L'Académie Delia, en italien Accademia Delia, est une académie de chevalerie de Padoue crée en 1608 et qui fonctionna jusqu'en juillet 1801.

L'Académie Delia dans le plan de Giovanni Valle (1784), détail.

Histoire[modifier | modifier le code]

L'Académie Delia de Padoue constitue un modèle d'école italienne d'équitation. L'étude des mathématiques y était associée à celle des pratiques de la chevalerie. Malgré des hauts et des bas, cette institution perdura durant deux siècles. Pietro Duodo, qui fut ambassadeur de la République de Venise en France et qui ensuite devint capitaine de Padoue, donna une impulsion décisive à sa création en 1603. Il encouragea l'initiative de vingt nobles de la ville qui voulaient constituer une académie sur le modèle de l'Ascritti, autre académie de la ville. Il le fit certainement pour contrecarrer les conséquences redoutées de l'ouverture de l'académie de Pluvinel à Paris. Les statuts de l'académie prévoyaient un maître d'équitation et un maître d'escrime, et il fut, après discussion, décidé de recruter aussi un mathématicien. Un rôle de premier plan dans la vie de l'académie a été joué dès le début par Galileo Galilei, qui, à la demande du Duodo, est appelé à élaborer le programme d'études de la Delia dans un document intitulé Raccolta di quelle cognizioni che à perfetto Cavaliero et Soldato si richieggono, le quali hanno dependenza dalle scienze matematiche.[1] L'objectif n'était pas seulement de s'exercer aux art de la chevalerie, mais aussi de s'initier aux théories militaires. En plus des éléments essentiels de la géométrie euclidienne, le programme du premier mathématicien de l'académie, Ingoldo Conti, portait aussi sur la géographie, la mécanique, les instruments stratégiques et militaires, l'étude des fortifications, l'utilisation du compas, et même sur un « traité sur les vertus du chevalier et du capitaine »[2]. L'académie avait aussi un but politique en réunissant la turbulente aristocratie vénitienne dans un partenariat qui favorisait une harmonie interne. Elle assurait aussi la reconnaissance des vertus chevaleresques de la noblesse padouane par les chevaliers étrangers, à la fois par l'organisation de joutes et autres manifestations, et en permettant aux cavaliers de bénéficier de cours privatifs. Les bénéficiaires de ces cours étaient principalement les nobles de l'arrière-pays vénitien, mais aussi des Allemands et des Italiens venant d'autres régions[3].

Fonctionnement[modifier | modifier le code]
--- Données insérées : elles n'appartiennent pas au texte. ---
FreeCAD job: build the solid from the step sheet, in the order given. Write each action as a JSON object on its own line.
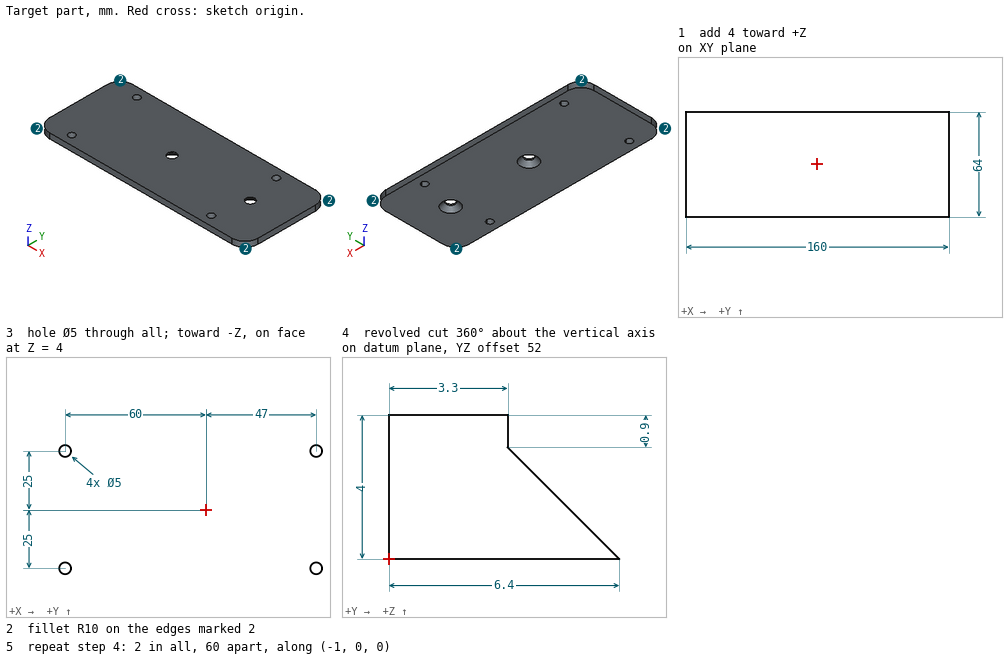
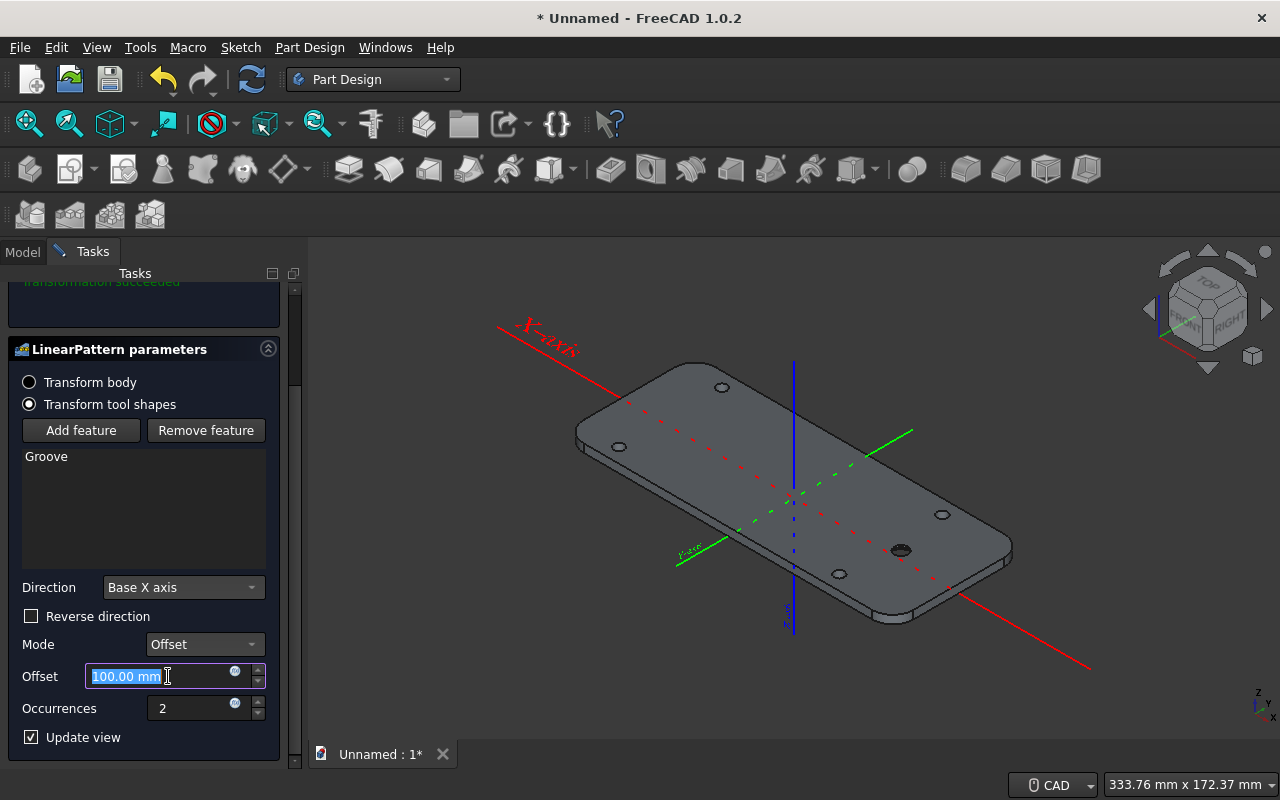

Au départ , l'Académie était supposée durer cinq ans, mais grâce à Duodo qui lui procura des fonds, elle put continuer à fonctionner. Un bâtiment fut construit pour abriter ses activités. En 1609, le Sénat de Venise lui accorda un penny sur chaque livre provenant des amendes infligées par les autorités de la ville de Padoue. À cette somme s'ajoutaient les contributions annuelles des quelque soixante membres, ce qui lui assurait une confortable rente financière. Dans les premières années, le salaire de son maître d'équitation, supérieur à celui du mathématicien, était aussi important que celui du professeur le plus important de l'université de la ville. Elle était dirigée par une « banque » composée par un prince, quatre conseillers, un major et un codirecteur qui étaient renouvelés tous les quatre mois et à qui il appartenait, entre autres, de gérer les demandes d'adhésion[3].

Au fil des ans, l'enthousiasme des membres déclina. Le nombre de soixante membres fut rarement atteint. Très vite, des difficultés économiques apparurent du fait de la diminution progressive des amendes et du retard dans le paiement de leur dû par les académiciens. En 1682, le maître d'équitation, le maître d'escrime et le mathématicien furent licenciés. Dix ans plus tard, le doge Francesco Morosini, en raison de la participation de nombreux nobles de Padoue aux guerres contre les Turcs, ordonna au sénat de Venise d'octroyer un subside de 800 ducats à l'Académie. En 1710, le nombre de membres diminua de nouveau; en 1725, le subside du gouvernement vénitien fut suspendu, puis rétabli deux années plus tard, mais de moitié[3].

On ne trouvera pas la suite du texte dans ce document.